▶ What the task asks: Scan the data for lines with "soap" and report the count by itself.

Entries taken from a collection

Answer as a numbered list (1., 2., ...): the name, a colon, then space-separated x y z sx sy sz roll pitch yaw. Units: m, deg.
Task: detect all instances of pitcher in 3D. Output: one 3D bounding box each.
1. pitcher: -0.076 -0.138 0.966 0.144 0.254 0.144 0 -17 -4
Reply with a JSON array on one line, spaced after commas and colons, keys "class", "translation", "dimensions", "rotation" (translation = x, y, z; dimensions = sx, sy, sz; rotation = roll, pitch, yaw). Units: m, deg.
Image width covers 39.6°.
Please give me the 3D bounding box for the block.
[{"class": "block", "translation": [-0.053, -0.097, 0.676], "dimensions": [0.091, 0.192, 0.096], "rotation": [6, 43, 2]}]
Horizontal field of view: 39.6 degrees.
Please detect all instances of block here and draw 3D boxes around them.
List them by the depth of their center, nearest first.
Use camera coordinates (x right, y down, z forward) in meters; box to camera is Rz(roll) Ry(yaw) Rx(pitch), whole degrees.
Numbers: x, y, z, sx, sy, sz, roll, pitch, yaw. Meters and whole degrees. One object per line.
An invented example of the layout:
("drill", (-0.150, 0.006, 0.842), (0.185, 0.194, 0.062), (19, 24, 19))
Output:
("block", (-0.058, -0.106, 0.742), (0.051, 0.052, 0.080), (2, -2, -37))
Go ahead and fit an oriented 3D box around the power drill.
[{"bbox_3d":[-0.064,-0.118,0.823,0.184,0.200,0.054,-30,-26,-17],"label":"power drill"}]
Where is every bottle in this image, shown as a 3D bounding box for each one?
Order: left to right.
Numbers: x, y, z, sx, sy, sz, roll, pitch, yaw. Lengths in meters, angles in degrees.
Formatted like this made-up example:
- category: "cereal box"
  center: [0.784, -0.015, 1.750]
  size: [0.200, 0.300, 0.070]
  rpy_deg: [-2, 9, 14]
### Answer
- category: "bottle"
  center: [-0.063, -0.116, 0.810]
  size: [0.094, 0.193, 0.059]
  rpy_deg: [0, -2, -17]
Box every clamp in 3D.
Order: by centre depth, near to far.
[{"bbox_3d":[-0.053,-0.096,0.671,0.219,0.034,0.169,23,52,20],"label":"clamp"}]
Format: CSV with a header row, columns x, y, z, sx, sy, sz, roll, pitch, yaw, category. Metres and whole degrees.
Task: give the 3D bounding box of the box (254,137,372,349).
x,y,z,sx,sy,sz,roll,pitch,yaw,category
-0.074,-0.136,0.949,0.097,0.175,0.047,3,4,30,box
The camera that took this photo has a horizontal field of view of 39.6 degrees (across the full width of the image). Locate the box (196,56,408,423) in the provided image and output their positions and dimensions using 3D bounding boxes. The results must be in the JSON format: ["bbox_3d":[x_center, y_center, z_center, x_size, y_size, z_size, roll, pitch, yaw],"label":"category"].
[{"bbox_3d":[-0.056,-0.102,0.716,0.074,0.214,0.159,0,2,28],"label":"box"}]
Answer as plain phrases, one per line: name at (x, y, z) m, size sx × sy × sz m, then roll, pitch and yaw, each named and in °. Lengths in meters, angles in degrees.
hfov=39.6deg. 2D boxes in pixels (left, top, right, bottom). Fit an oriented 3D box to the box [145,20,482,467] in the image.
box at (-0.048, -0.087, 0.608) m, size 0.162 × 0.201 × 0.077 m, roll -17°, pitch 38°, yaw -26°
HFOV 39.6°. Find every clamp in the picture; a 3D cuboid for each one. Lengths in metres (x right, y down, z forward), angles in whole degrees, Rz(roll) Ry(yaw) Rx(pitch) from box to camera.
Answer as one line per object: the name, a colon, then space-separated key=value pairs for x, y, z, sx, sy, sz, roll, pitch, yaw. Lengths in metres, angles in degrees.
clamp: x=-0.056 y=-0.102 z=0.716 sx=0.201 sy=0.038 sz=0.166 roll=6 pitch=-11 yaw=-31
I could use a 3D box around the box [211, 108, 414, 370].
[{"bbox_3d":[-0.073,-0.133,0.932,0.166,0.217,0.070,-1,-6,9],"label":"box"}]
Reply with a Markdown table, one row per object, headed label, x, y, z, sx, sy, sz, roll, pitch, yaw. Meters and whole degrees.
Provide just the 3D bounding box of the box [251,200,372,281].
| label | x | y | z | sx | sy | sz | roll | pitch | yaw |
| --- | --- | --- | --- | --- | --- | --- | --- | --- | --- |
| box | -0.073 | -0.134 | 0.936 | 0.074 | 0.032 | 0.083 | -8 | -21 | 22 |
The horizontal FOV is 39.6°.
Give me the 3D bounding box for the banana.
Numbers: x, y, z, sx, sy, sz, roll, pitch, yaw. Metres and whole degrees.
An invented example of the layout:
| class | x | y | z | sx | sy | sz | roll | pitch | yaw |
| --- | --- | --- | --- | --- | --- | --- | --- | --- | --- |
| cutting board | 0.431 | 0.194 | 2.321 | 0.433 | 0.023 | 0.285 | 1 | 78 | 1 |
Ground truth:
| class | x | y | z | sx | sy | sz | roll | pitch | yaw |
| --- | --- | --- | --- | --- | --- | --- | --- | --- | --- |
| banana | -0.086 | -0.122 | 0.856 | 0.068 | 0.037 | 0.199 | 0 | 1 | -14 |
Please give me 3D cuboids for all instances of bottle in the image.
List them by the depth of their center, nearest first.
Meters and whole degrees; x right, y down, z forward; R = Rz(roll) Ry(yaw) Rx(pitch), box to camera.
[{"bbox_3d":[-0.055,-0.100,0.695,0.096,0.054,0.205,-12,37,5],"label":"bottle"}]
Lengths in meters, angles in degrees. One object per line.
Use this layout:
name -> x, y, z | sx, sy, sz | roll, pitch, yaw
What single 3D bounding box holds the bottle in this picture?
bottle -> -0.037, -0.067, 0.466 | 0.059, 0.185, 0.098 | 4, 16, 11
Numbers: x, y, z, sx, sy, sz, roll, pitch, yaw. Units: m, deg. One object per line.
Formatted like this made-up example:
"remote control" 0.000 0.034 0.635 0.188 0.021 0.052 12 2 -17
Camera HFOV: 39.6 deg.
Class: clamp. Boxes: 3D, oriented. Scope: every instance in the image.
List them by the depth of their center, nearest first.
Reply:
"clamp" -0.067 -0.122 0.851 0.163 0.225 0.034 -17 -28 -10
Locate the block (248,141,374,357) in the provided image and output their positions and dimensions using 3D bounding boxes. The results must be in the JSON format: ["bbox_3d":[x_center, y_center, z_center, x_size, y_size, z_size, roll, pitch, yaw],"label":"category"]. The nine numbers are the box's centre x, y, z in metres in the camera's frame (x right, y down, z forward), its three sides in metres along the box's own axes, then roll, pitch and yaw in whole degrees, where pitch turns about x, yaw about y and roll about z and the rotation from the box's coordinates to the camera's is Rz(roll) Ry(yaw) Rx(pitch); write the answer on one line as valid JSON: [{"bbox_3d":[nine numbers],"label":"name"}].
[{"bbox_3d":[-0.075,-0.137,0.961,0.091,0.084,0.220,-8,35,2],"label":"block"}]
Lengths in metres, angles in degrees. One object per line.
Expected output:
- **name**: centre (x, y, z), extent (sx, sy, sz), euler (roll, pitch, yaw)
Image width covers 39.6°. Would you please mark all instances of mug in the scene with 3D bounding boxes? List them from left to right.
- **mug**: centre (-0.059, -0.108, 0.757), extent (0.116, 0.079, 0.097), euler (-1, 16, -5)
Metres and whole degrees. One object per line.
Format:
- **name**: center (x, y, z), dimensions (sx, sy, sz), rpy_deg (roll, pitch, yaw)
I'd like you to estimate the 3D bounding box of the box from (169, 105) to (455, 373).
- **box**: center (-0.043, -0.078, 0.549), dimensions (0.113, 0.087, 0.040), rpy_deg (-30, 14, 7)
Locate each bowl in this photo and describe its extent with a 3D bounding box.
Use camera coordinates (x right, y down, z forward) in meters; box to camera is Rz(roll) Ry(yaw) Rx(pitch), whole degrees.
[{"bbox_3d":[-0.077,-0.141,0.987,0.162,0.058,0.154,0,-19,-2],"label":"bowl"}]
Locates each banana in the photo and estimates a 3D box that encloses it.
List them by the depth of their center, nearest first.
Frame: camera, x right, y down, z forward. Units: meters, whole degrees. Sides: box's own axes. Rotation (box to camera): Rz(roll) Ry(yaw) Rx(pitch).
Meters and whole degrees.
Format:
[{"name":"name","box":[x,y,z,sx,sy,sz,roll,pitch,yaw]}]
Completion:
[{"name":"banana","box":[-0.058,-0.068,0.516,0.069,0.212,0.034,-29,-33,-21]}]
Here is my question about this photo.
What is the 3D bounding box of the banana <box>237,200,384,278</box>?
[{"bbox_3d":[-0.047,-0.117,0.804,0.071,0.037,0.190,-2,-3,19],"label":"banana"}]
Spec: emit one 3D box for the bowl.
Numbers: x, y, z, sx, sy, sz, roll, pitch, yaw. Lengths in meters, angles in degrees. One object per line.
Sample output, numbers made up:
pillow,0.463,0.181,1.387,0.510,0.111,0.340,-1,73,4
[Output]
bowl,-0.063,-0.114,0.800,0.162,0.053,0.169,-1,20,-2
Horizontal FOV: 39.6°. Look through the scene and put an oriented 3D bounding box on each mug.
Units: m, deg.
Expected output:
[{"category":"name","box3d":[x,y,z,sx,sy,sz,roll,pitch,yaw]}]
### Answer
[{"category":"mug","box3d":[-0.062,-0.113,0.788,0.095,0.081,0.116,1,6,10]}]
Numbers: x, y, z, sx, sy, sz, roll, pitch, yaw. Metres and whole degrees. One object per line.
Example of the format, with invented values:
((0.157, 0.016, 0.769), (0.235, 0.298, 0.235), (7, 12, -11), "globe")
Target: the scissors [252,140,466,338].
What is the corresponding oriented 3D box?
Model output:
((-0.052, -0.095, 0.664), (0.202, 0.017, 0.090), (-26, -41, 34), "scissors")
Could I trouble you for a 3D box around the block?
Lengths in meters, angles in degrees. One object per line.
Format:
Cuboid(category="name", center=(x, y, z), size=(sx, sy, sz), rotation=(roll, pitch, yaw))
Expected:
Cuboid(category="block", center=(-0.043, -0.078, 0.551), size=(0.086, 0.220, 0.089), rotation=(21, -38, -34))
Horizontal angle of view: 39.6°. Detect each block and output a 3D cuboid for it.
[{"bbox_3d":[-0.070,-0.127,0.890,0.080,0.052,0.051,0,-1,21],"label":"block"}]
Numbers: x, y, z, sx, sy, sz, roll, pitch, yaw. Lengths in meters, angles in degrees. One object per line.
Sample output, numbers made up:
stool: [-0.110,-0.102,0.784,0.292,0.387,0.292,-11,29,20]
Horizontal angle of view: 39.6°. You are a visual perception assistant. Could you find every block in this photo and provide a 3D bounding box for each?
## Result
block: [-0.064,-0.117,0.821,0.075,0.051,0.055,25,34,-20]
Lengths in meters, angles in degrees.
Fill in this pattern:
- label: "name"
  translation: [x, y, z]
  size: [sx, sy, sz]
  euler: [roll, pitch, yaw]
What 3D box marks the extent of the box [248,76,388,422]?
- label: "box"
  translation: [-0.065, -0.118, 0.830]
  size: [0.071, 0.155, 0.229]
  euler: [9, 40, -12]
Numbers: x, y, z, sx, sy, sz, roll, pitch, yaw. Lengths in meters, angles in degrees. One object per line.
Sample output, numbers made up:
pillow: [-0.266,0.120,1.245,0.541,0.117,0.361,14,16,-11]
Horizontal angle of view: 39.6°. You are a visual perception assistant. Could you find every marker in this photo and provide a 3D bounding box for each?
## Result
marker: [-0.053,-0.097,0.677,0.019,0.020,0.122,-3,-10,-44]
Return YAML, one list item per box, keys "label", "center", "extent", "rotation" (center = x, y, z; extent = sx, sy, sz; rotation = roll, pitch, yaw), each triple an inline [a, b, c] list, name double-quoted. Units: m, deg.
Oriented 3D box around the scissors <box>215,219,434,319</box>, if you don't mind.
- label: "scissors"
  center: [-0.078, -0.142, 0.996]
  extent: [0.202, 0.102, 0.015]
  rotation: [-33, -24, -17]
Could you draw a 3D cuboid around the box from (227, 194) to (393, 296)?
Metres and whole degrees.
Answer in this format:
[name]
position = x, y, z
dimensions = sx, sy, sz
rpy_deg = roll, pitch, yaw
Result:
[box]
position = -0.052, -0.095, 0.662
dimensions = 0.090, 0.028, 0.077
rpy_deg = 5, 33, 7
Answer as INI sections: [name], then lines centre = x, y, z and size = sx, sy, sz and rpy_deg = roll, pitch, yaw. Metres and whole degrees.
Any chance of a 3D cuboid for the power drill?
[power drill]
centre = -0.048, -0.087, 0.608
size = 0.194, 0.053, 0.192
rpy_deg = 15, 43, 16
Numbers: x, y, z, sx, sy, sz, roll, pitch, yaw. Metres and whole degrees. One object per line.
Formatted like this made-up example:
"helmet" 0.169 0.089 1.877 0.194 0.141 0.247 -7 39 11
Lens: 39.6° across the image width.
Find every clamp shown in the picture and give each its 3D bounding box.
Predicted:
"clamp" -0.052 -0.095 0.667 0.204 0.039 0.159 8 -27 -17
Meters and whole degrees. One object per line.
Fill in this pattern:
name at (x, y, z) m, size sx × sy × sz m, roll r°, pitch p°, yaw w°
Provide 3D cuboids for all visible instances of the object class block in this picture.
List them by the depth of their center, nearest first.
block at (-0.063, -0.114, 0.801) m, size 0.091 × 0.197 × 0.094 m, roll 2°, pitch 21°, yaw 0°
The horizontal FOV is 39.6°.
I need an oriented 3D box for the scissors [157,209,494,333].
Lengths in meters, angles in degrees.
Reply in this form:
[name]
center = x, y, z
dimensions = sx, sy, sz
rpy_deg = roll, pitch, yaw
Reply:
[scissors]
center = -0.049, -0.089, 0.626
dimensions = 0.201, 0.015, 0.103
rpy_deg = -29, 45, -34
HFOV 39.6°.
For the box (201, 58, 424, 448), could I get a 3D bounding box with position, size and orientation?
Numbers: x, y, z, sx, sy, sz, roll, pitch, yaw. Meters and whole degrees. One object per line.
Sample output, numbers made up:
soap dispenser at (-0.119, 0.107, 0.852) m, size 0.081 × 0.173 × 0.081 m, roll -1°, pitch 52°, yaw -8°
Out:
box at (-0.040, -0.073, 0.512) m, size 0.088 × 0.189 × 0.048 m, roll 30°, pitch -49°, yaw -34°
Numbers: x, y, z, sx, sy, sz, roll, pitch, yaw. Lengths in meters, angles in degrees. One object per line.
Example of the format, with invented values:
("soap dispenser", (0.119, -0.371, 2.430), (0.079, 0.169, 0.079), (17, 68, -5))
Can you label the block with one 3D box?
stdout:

▶ Written solution: 2